CHAIRMAN’S STATEMENT
During the six month ended 30 September 2002, the Group reaffirmed the ISO 9001:2000 certification for its eBusiness Innovation Centres at its company offices in Hong Kong, Beijing and Guangzhou in the Peoples Republic of China (the “PRC”) all of which have received certifications. This proof of formally meeting a recognized international standard in product quality is one of the positive elements that will give the Company a head start in developing its overseas business and in introducing its products worldwide.

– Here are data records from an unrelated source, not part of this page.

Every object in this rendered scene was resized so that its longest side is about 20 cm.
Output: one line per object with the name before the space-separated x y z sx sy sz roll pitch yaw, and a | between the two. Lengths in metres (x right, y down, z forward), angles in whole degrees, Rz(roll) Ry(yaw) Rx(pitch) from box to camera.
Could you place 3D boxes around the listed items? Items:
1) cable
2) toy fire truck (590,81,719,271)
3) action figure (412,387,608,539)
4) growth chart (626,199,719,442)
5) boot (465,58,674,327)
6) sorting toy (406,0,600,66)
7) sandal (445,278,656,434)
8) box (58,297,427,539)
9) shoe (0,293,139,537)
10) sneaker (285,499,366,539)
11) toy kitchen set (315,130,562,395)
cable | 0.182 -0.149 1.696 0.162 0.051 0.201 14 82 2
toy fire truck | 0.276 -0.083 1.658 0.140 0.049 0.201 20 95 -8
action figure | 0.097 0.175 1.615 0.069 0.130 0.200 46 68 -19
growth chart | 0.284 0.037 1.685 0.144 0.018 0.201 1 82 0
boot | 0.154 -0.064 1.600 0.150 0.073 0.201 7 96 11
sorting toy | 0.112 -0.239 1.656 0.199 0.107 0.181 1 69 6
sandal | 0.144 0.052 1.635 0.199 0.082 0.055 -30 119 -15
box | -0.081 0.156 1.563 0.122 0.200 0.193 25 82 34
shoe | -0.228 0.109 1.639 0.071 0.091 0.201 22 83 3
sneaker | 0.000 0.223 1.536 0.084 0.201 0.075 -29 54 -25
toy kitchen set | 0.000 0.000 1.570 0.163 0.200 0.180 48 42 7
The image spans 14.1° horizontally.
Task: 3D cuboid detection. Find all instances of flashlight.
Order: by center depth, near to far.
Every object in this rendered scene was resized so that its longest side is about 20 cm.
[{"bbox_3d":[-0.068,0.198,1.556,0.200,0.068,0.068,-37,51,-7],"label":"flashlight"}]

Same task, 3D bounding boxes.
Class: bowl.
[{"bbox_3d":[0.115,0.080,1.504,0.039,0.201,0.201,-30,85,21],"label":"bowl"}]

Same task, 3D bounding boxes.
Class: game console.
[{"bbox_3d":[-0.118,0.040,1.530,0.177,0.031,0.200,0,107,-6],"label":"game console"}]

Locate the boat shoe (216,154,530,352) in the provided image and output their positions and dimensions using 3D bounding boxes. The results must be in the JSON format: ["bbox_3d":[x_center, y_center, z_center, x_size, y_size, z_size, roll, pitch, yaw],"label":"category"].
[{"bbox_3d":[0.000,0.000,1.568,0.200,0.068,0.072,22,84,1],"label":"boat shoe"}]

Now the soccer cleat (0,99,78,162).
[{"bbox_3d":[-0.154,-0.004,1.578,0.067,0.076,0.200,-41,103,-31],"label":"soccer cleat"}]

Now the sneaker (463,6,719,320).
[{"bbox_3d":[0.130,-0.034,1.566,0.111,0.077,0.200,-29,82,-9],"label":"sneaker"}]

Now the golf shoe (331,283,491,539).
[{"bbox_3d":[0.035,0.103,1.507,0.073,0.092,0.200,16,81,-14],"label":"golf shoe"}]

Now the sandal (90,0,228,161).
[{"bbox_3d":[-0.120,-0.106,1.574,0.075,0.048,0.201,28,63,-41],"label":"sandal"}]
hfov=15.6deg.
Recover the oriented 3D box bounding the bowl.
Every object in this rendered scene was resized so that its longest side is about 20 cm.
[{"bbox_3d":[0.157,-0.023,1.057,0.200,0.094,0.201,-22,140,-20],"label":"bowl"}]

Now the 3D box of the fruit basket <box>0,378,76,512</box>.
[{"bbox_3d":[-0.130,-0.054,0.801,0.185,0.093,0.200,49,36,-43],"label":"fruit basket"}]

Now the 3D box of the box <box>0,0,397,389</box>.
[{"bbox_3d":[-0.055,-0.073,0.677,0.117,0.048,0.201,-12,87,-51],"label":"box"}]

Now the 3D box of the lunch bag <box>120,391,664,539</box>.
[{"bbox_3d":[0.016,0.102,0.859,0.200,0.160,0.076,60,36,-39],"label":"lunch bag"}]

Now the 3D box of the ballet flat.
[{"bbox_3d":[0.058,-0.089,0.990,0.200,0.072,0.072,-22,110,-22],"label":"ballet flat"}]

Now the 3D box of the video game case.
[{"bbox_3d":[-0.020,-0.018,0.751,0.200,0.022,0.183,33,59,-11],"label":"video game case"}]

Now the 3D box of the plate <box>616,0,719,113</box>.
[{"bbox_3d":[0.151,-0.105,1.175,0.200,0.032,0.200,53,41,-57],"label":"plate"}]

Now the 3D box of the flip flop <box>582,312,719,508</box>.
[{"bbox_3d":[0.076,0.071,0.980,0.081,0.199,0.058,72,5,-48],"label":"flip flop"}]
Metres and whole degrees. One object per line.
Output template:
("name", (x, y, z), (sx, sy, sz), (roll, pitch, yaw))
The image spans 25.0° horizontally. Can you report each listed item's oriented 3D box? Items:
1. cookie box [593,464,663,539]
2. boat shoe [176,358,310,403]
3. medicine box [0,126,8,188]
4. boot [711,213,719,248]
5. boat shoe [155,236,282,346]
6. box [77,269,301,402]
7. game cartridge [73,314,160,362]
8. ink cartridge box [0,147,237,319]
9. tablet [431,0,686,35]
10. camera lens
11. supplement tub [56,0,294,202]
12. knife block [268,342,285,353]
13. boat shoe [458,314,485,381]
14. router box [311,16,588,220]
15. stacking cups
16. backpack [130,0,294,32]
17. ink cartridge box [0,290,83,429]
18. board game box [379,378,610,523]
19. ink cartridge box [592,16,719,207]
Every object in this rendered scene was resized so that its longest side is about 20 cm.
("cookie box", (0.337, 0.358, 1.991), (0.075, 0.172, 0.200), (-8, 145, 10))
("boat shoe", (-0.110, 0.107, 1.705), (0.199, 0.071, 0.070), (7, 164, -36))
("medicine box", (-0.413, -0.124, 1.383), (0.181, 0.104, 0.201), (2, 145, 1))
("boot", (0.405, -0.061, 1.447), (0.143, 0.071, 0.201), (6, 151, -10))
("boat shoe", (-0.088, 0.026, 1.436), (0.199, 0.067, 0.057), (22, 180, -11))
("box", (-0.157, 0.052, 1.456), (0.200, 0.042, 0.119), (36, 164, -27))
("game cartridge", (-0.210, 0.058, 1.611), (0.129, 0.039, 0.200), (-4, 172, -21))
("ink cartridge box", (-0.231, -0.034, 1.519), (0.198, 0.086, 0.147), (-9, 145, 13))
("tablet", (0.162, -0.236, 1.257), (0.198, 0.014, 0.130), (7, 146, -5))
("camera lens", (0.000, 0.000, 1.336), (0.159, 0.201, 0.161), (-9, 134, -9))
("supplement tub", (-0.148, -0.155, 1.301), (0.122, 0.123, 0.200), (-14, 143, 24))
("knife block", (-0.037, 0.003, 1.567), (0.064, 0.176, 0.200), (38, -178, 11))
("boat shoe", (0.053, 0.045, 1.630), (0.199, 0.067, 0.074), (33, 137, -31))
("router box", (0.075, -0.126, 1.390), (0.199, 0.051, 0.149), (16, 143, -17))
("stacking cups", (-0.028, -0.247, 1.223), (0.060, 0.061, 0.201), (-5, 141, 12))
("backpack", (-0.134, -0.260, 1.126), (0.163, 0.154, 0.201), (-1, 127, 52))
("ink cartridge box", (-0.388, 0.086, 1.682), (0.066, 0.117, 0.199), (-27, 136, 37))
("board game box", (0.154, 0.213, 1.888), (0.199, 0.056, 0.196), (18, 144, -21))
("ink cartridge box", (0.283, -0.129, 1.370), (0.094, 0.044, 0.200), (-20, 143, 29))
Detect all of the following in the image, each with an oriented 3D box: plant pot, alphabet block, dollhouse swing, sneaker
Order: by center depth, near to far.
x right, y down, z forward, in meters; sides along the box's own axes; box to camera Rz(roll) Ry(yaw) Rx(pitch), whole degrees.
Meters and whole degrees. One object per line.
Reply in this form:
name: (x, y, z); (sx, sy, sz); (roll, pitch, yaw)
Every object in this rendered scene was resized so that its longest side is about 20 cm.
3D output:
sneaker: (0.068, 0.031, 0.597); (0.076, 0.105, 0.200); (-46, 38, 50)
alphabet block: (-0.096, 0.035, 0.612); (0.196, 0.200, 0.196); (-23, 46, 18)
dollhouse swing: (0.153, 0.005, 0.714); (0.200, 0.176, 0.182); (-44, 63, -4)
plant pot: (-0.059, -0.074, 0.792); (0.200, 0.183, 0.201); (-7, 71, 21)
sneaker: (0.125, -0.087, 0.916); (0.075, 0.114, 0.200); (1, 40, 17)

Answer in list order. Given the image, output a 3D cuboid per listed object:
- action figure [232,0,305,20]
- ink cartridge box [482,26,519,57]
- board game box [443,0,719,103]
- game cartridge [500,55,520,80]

In light of the continuing poor economic outlook of the technology sector in Hong Kong, the Group has turned some of its concentration to tailoring some of its packaged products for overseas markets. Along this avenue, the Group has also carefully performed the appropriate market research and subsequent marketing efforts. The Group is therefore actively seeking opportunities outside of Hong Kong and China, in addition to continuing its product development, and engaging in the provision of information technology services locally. The Group recognizes that the market at the moment is challenging in the sense that many potential clients have decided not to invest in upgrading or purchasing technology goods and services, and as a result, margins for those remaining contracts are extremely lean. However, the Group, the core of which has a history in the provision of technologically sound and sophisticated software products and services is confident of its prospects both at home, as well as overseas, once the market begins to recover.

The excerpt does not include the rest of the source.